WORK TO BE COMPLETED → Quote the listing in full, exactly as given, minus any pictures.

EXERCISE MATERIALS →
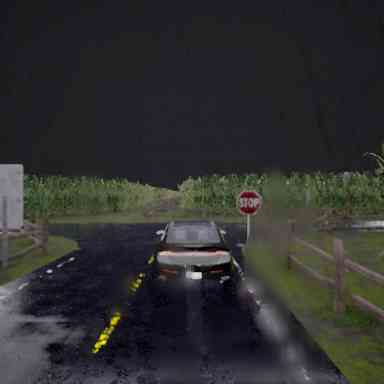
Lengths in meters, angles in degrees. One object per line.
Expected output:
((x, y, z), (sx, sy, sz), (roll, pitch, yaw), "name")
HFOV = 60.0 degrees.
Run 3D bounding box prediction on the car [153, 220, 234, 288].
((-0.010, 1.532, 9.339), (2.128, 1.511, 4.902), (0, 0, -1), "car")
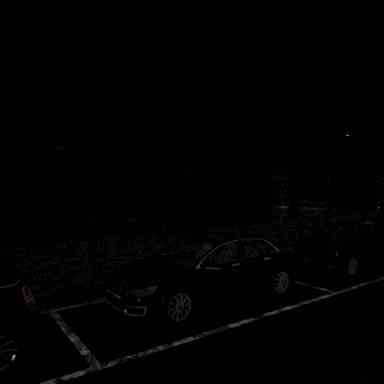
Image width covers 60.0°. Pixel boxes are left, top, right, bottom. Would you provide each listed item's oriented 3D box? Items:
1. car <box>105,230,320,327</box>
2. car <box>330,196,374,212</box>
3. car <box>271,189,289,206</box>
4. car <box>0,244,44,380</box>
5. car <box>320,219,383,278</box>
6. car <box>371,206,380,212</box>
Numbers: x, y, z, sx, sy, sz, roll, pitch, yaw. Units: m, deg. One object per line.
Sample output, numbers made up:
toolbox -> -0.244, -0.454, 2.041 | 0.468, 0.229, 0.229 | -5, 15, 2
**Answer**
car -> 0.412, 1.551, 6.948 | 4.403, 1.369, 2.008 | 0, 0, -36
car -> 15.992, 1.170, 33.015 | 2.128, 1.511, 4.902 | 0, 1, -36
car -> 9.891, 0.697, 41.527 | 2.150, 2.045, 5.566 | 0, 1, -35
car -> -4.029, 1.440, 3.776 | 4.097, 1.590, 1.967 | 0, 0, -36
car -> 4.852, 1.545, 10.120 | 4.507, 1.381, 1.887 | 0, 0, -36
car -> 9.293, 1.440, 13.292 | 4.097, 1.590, 1.967 | 0, 0, -36
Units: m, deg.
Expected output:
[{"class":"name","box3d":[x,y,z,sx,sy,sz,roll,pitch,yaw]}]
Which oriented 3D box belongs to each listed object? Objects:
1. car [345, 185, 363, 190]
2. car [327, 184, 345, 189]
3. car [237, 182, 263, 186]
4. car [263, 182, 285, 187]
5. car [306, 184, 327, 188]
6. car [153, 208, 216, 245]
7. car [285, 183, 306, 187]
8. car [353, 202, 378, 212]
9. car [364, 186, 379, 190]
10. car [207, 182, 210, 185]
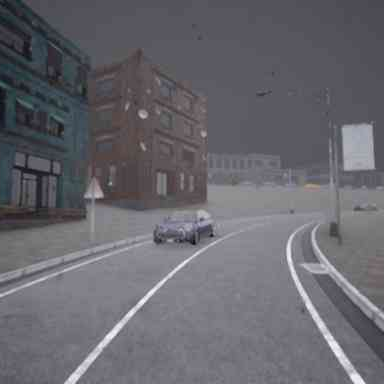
[{"class":"car","box3d":[38.497,-0.806,81.150,4.792,1.488,2.163,2,-6,-21]},{"class":"car","box3d":[33.151,-1.118,79.109,4.553,1.767,2.185,2,-6,-20]},{"class":"car","box3d":[12.094,-1.464,72.294,4.892,1.521,2.231,1,-5,-16]},{"class":"car","box3d":[17.394,-1.377,73.834,4.892,1.521,2.231,1,-5,-16]},{"class":"car","box3d":[27.953,-1.133,77.237,5.008,1.535,2.097,1,-6,-18]},{"class":"car","box3d":[-0.286,1.644,17.155,2.097,1.767,4.553,-2,-1,19]},{"class":"car","box3d":[22.692,-1.223,75.475,4.674,1.452,2.002,1,-5,-17]},{"class":"car","box3d":[26.338,2.303,50.519,4.181,1.385,1.994,0,-5,-31]},{"class":"car","box3d":[43.608,-0.635,83.228,4.674,1.452,2.002,2,-6,-22]},{"class":"car","box3d":[1.582,-1.736,69.268,4.553,1.767,2.185,1,-5,-16]}]
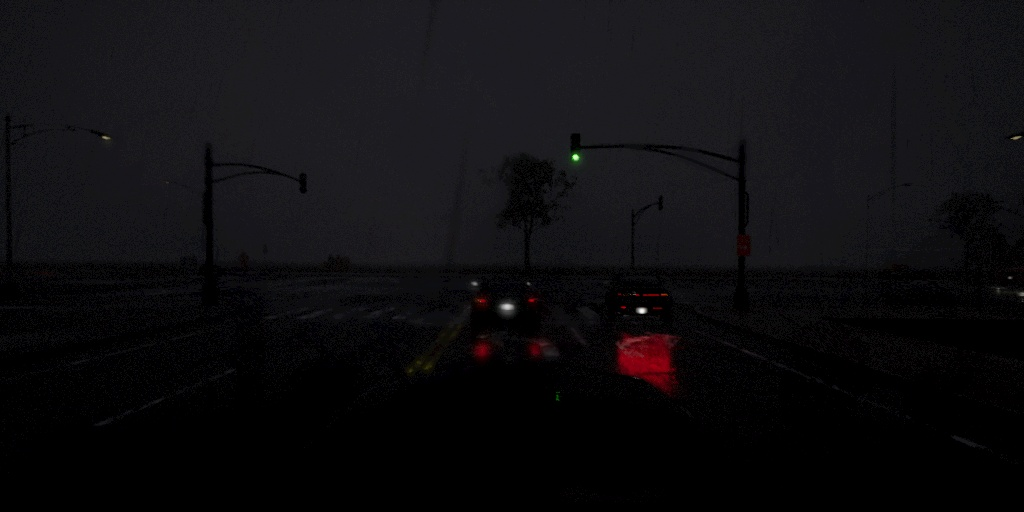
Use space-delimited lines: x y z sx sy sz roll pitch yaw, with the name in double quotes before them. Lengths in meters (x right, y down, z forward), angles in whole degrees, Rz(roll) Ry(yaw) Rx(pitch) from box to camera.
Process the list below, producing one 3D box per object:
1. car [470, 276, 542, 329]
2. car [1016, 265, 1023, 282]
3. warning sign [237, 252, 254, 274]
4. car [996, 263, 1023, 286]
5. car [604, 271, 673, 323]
"car" -0.299 1.306 11.343 1.994 1.385 4.181 0 0 -5
"car" 37.180 1.554 23.518 5.008 1.535 1.882 0 1 2
"warning sign" -23.374 0.564 31.264 1.060 1.860 1.300 0 0 2
"car" 39.951 1.290 26.684 5.566 2.045 2.150 0 1 2
"car" 4.214 1.254 12.212 1.837 1.490 4.892 -1 0 15
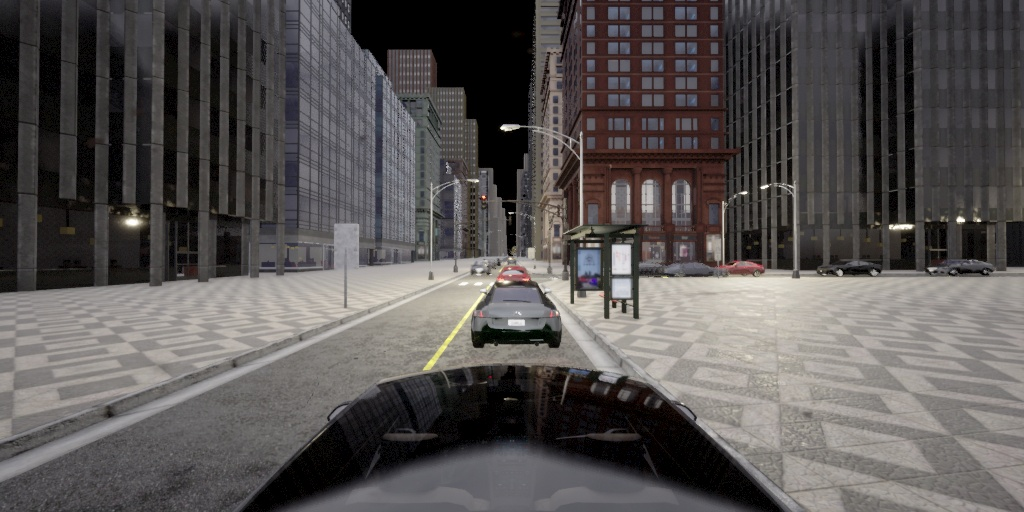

SOLUTION FOR THIS TASK →
Lengths in meters, angles in degrees. One object per line.
Expected output:
((x, y, z), (sx, sy, sz), (roll, pitch, yaw), "name")
HFOV = 60.0 degrees.
Run 3D bounding box prediction on the car [153, 220, 234, 288].
((-0.010, 1.532, 9.339), (2.128, 1.511, 4.902), (0, 0, -1), "car")
Image width covers 60.0°. Pixel boxes are left, top, right, bottom. Would you provide each listed item's oriented 3D box? Items:
1. car <box>105,230,320,327</box>
2. car <box>330,196,374,212</box>
3. car <box>271,189,289,206</box>
4. car <box>0,244,44,380</box>
5. car <box>320,219,383,278</box>
6. car <box>371,206,380,212</box>
Numbers: x, y, z, sx, sy, sz, roll, pitch, yaw. Units: m, deg. One object per line.
Sample output, numbers made up:
toolbox -> -0.244, -0.454, 2.041 | 0.468, 0.229, 0.229 | -5, 15, 2
**Answer**
car -> 0.412, 1.551, 6.948 | 4.403, 1.369, 2.008 | 0, 0, -36
car -> 15.992, 1.170, 33.015 | 2.128, 1.511, 4.902 | 0, 1, -36
car -> 9.891, 0.697, 41.527 | 2.150, 2.045, 5.566 | 0, 1, -35
car -> -4.029, 1.440, 3.776 | 4.097, 1.590, 1.967 | 0, 0, -36
car -> 4.852, 1.545, 10.120 | 4.507, 1.381, 1.887 | 0, 0, -36
car -> 9.293, 1.440, 13.292 | 4.097, 1.590, 1.967 | 0, 0, -36
Units: m, deg.
Expected output:
[{"class":"name","box3d":[x,y,z,sx,sy,sz,roll,pitch,yaw]}]
Which oriented 3D box belongs to each listed object? Objects:
1. car [345, 185, 363, 190]
2. car [327, 184, 345, 189]
3. car [237, 182, 263, 186]
4. car [263, 182, 285, 187]
5. car [306, 184, 327, 188]
6. car [153, 208, 216, 245]
7. car [285, 183, 306, 187]
8. car [353, 202, 378, 212]
9. car [364, 186, 379, 190]
10. car [207, 182, 210, 185]
[{"class":"car","box3d":[38.497,-0.806,81.150,4.792,1.488,2.163,2,-6,-21]},{"class":"car","box3d":[33.151,-1.118,79.109,4.553,1.767,2.185,2,-6,-20]},{"class":"car","box3d":[12.094,-1.464,72.294,4.892,1.521,2.231,1,-5,-16]},{"class":"car","box3d":[17.394,-1.377,73.834,4.892,1.521,2.231,1,-5,-16]},{"class":"car","box3d":[27.953,-1.133,77.237,5.008,1.535,2.097,1,-6,-18]},{"class":"car","box3d":[-0.286,1.644,17.155,2.097,1.767,4.553,-2,-1,19]},{"class":"car","box3d":[22.692,-1.223,75.475,4.674,1.452,2.002,1,-5,-17]},{"class":"car","box3d":[26.338,2.303,50.519,4.181,1.385,1.994,0,-5,-31]},{"class":"car","box3d":[43.608,-0.635,83.228,4.674,1.452,2.002,2,-6,-22]},{"class":"car","box3d":[1.582,-1.736,69.268,4.553,1.767,2.185,1,-5,-16]}]
Use space-delimited lines: x y z sx sy sz roll pitch yaw, with the name in double quotes before them. Lengths in meters (x right, y down, z forward), angles in whole degrees, Rz(roll) Ry(yaw) Rx(pitch) from box to camera.
Process the list below, producing one 3D box per object:
1. car [470, 276, 542, 329]
2. car [1016, 265, 1023, 282]
3. warning sign [237, 252, 254, 274]
4. car [996, 263, 1023, 286]
5. car [604, 271, 673, 323]
"car" -0.299 1.306 11.343 1.994 1.385 4.181 0 0 -5
"car" 37.180 1.554 23.518 5.008 1.535 1.882 0 1 2
"warning sign" -23.374 0.564 31.264 1.060 1.860 1.300 0 0 2
"car" 39.951 1.290 26.684 5.566 2.045 2.150 0 1 2
"car" 4.214 1.254 12.212 1.837 1.490 4.892 -1 0 15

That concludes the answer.